* EXERCISE GOAL: In the entries below, find the line with "- pallet at [1152, 264, 1198, 283]" and print exactly every line from there up to and including the line with "- pallet at [1545, 74, 1571, 91]", with no other lines.
--- TASK MATERIAL Enclosed Below ---
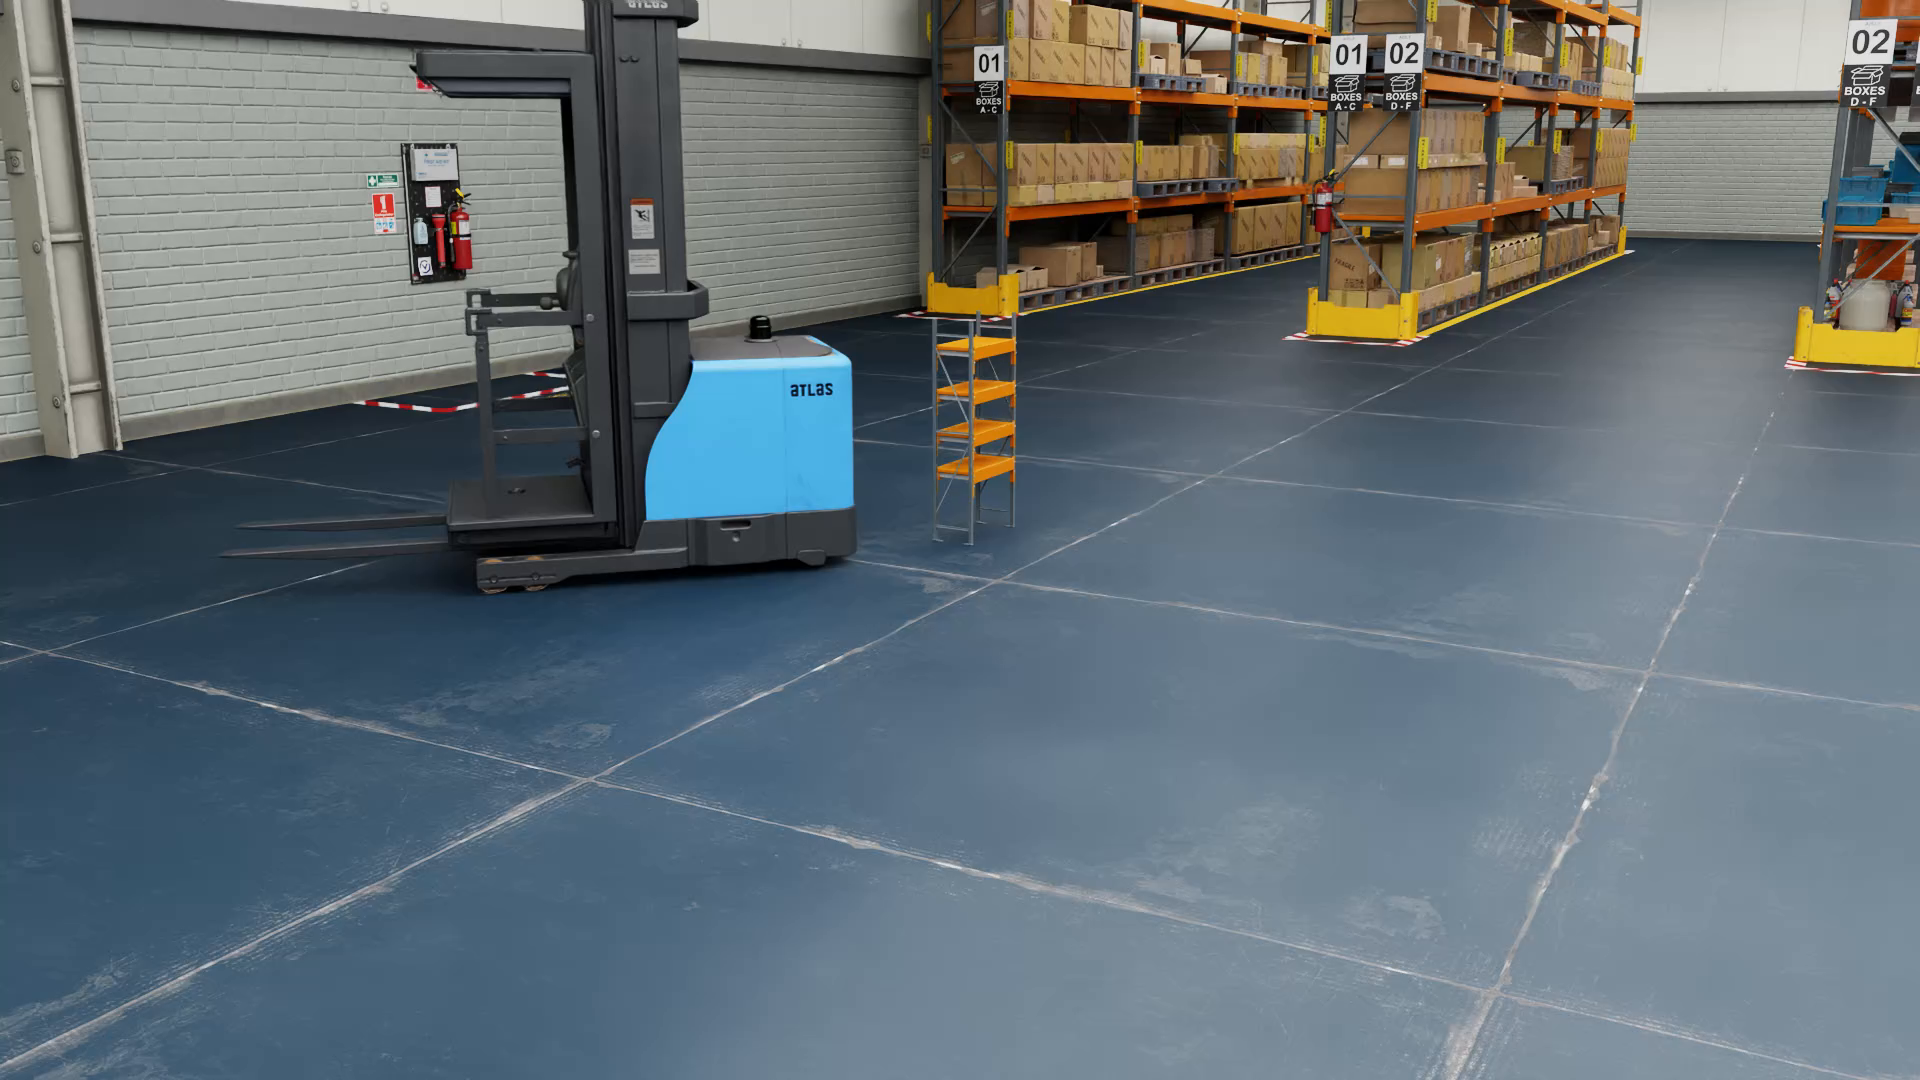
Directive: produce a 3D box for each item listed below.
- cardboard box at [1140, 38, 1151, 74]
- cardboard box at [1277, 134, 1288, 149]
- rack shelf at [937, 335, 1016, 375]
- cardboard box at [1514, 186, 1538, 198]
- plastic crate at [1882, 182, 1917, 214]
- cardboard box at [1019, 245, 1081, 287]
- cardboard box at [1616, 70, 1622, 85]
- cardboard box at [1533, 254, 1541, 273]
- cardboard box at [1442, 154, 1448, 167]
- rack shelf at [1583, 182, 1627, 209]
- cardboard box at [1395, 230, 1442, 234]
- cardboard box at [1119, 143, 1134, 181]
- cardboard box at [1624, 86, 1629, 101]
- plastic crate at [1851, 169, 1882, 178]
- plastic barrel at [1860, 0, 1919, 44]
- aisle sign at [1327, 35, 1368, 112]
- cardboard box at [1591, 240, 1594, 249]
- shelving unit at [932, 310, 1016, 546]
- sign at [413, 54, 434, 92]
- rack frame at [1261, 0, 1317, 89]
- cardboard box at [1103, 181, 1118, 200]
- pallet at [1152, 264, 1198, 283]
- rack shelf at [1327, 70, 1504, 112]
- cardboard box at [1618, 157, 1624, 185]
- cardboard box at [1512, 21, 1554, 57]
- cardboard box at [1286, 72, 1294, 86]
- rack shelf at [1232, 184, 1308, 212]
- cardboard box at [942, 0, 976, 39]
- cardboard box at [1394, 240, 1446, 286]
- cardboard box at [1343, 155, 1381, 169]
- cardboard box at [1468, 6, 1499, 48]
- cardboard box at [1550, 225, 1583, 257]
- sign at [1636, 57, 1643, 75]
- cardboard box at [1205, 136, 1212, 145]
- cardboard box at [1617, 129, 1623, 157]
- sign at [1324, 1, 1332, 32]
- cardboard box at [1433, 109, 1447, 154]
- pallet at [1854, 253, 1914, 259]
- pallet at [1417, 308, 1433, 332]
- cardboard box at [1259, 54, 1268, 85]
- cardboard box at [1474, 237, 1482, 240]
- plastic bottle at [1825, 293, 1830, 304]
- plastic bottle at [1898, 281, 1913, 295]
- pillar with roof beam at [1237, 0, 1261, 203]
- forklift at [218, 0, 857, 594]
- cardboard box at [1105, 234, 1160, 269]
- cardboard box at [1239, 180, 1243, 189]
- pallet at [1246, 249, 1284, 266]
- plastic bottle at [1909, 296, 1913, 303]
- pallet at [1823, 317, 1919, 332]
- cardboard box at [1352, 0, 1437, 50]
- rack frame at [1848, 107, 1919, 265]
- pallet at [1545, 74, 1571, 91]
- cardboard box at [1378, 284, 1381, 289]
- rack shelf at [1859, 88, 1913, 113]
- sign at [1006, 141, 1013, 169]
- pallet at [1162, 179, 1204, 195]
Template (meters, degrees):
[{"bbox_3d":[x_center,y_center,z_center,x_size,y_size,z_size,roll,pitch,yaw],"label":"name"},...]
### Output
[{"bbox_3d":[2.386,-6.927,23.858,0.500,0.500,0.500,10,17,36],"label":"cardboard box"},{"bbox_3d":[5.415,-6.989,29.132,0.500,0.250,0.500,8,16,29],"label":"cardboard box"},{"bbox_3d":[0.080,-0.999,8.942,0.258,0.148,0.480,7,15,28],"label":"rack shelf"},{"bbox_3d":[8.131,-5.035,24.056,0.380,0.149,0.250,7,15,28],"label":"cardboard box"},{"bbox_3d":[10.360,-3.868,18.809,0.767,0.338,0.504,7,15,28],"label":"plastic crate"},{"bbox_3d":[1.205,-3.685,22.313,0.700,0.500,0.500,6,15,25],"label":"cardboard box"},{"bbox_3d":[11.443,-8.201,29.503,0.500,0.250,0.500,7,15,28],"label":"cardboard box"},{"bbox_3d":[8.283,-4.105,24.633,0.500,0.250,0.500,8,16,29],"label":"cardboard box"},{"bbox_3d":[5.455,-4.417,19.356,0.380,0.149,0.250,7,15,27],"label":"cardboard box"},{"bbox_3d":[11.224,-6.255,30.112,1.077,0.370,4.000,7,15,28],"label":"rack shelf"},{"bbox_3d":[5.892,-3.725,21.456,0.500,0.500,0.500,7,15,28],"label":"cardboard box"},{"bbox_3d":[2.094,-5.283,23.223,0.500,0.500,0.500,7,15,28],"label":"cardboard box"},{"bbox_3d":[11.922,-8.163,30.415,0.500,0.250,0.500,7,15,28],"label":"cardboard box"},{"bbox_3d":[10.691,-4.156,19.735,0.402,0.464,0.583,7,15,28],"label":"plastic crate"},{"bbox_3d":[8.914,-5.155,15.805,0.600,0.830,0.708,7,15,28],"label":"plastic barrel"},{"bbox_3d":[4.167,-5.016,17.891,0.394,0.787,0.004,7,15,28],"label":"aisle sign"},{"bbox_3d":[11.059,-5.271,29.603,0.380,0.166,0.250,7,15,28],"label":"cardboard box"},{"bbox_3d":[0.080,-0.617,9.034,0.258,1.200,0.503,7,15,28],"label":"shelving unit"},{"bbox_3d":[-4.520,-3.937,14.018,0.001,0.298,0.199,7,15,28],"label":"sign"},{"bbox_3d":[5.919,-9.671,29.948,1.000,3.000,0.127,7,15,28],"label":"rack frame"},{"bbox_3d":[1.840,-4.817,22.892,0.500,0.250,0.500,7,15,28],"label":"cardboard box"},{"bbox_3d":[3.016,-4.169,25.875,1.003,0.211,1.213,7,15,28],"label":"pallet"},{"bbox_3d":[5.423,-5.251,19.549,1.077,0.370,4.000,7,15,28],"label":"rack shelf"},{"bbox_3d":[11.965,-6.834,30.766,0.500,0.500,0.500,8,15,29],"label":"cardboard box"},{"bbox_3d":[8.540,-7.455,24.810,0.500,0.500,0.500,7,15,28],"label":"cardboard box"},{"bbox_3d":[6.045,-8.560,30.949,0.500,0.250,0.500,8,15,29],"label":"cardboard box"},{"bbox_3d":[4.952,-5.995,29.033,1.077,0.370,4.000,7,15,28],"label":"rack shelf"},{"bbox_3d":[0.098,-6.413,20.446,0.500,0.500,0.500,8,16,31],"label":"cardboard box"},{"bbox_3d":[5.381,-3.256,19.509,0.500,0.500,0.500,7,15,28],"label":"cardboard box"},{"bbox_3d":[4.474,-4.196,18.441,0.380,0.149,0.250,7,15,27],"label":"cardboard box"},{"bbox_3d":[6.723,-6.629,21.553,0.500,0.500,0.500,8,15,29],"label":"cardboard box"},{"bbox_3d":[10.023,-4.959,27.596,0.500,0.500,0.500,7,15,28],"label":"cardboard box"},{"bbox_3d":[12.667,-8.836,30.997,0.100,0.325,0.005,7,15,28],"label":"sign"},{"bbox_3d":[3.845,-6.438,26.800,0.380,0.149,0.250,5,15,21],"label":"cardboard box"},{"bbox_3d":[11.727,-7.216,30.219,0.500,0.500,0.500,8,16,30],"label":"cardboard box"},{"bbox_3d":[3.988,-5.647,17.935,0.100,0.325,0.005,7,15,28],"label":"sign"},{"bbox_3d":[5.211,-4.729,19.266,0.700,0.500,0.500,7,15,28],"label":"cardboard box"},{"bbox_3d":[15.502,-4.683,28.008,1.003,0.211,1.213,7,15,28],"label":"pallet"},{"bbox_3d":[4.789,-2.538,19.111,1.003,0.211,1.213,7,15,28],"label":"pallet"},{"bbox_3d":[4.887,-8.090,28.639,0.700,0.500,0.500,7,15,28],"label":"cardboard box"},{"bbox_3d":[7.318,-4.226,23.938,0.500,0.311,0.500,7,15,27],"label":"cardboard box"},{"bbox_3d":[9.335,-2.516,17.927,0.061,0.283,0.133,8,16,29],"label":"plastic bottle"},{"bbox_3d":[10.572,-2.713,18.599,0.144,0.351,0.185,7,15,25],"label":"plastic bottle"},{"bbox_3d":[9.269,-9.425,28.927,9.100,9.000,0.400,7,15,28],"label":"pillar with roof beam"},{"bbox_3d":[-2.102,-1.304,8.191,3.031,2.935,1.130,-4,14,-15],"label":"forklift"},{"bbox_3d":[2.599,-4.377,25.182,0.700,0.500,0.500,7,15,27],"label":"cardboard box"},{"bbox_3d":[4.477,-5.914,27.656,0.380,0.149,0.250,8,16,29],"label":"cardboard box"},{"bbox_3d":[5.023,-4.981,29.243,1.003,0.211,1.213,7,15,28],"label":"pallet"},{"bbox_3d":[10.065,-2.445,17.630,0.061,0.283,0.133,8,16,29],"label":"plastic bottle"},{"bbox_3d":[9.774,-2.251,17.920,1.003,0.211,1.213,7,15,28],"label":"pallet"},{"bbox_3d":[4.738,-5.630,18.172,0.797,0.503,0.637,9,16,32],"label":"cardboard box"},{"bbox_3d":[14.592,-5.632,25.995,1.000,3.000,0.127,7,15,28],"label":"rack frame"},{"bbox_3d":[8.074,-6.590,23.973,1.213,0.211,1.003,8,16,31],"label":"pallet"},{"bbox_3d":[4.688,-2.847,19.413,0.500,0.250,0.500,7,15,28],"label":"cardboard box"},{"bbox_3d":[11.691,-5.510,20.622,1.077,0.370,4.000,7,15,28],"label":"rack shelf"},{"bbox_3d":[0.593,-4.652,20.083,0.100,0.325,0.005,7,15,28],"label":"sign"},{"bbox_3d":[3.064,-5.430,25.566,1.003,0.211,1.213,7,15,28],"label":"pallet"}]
--- End of Enclosed TASK MATERIAL ---
--- TASK MATERIAL Enclosed Below ---
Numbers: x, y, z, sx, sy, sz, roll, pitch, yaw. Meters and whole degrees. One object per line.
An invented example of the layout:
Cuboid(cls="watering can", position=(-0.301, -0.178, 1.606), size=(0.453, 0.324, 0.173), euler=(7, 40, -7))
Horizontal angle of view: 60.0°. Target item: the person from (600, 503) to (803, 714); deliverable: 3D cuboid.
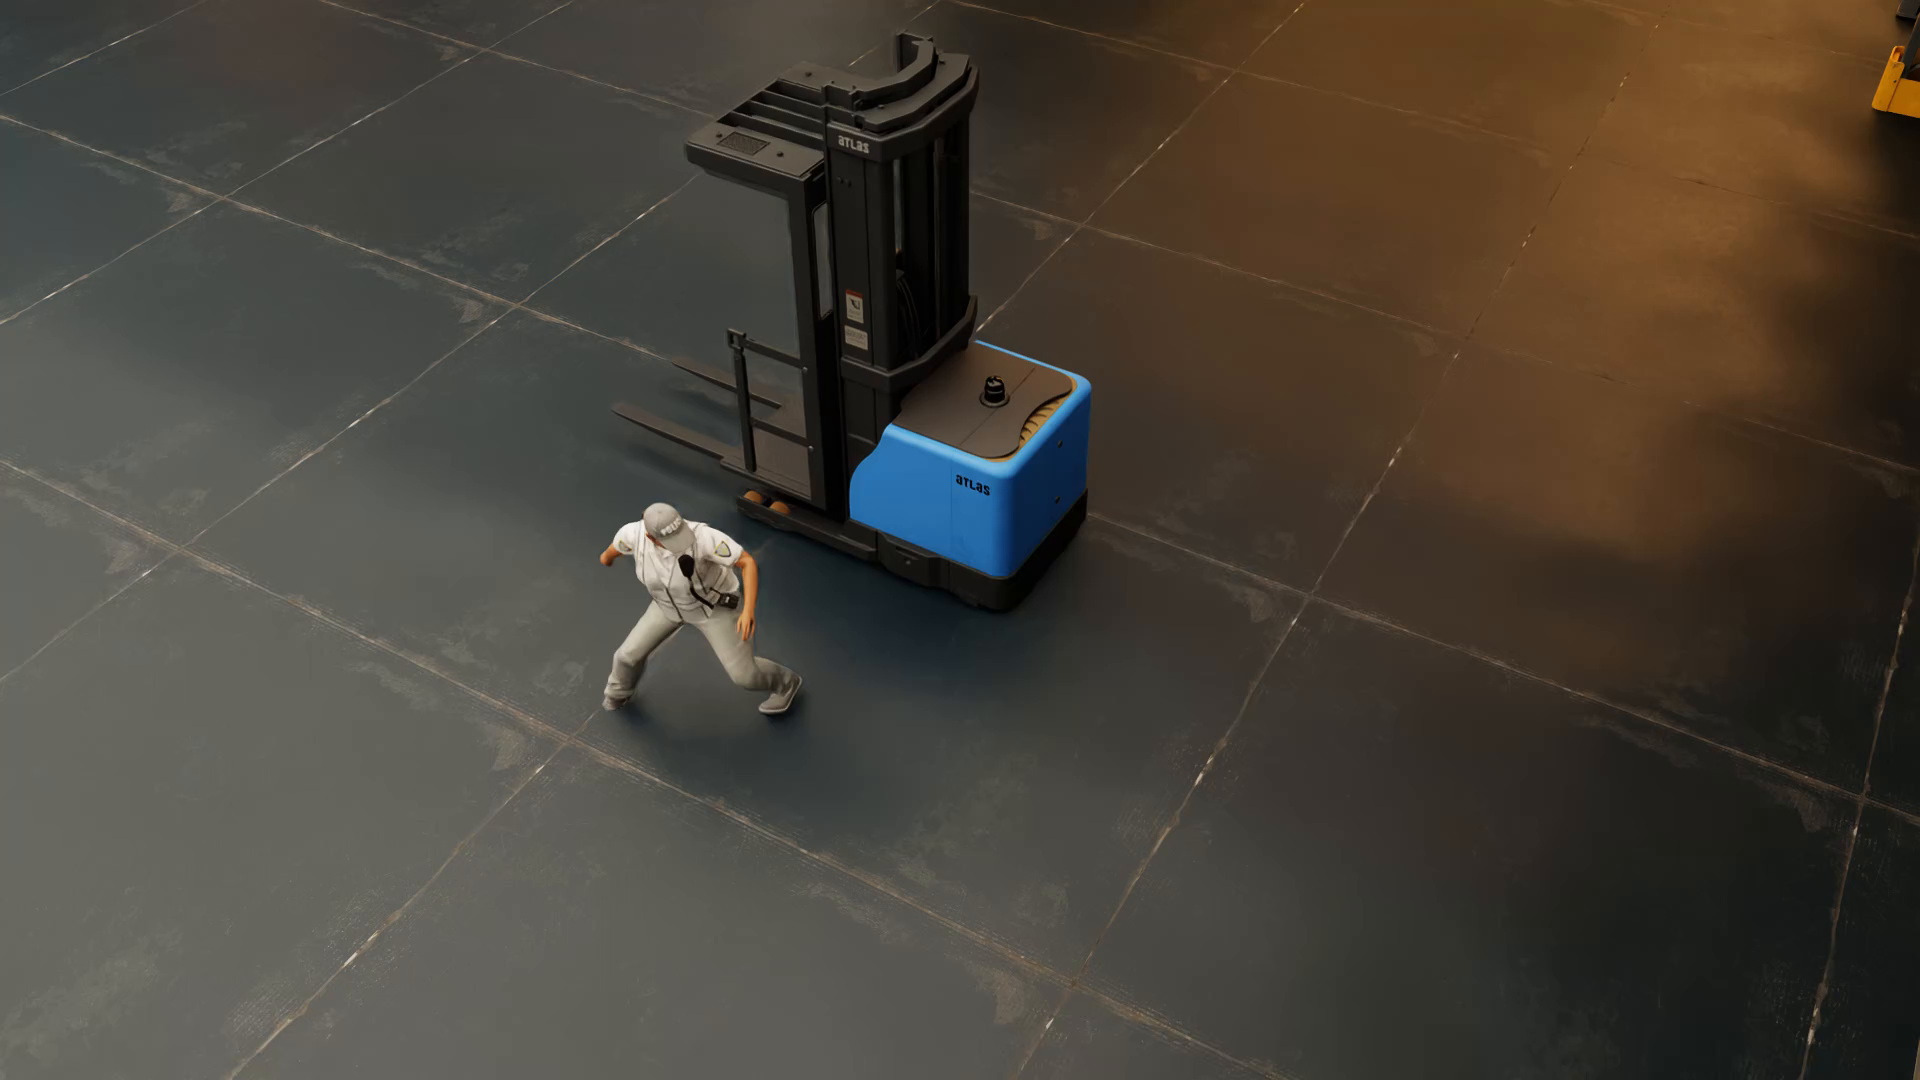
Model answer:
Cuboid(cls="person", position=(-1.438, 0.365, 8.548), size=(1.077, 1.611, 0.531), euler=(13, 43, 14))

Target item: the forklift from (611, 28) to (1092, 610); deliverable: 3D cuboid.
--- End of Enclosed TASK MATERIAL ---
--- TASK MATERIAL Enclosed Below ---
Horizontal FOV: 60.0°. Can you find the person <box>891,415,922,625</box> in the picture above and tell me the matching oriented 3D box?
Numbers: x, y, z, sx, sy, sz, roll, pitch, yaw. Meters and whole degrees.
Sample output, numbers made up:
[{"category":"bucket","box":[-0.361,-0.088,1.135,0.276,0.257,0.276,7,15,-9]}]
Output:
--- End of Enclosed TASK MATERIAL ---
* TASK OUTPUT:
- pallet at [1152, 264, 1198, 283]
- rack shelf at [1327, 70, 1504, 112]
- cardboard box at [1618, 157, 1624, 185]
- cardboard box at [1512, 21, 1554, 57]
- cardboard box at [1286, 72, 1294, 86]
- rack shelf at [1232, 184, 1308, 212]
- cardboard box at [942, 0, 976, 39]
- cardboard box at [1394, 240, 1446, 286]
- cardboard box at [1343, 155, 1381, 169]
- cardboard box at [1468, 6, 1499, 48]
- cardboard box at [1550, 225, 1583, 257]
- sign at [1636, 57, 1643, 75]
- cardboard box at [1205, 136, 1212, 145]
- cardboard box at [1617, 129, 1623, 157]
- sign at [1324, 1, 1332, 32]
- cardboard box at [1433, 109, 1447, 154]
- pallet at [1854, 253, 1914, 259]
- pallet at [1417, 308, 1433, 332]
- cardboard box at [1259, 54, 1268, 85]
- cardboard box at [1474, 237, 1482, 240]
- plastic bottle at [1825, 293, 1830, 304]
- plastic bottle at [1898, 281, 1913, 295]
- pillar with roof beam at [1237, 0, 1261, 203]
- forklift at [218, 0, 857, 594]
- cardboard box at [1105, 234, 1160, 269]
- cardboard box at [1239, 180, 1243, 189]
- pallet at [1246, 249, 1284, 266]
- plastic bottle at [1909, 296, 1913, 303]
- pallet at [1823, 317, 1919, 332]
- cardboard box at [1352, 0, 1437, 50]
- rack frame at [1848, 107, 1919, 265]
- pallet at [1545, 74, 1571, 91]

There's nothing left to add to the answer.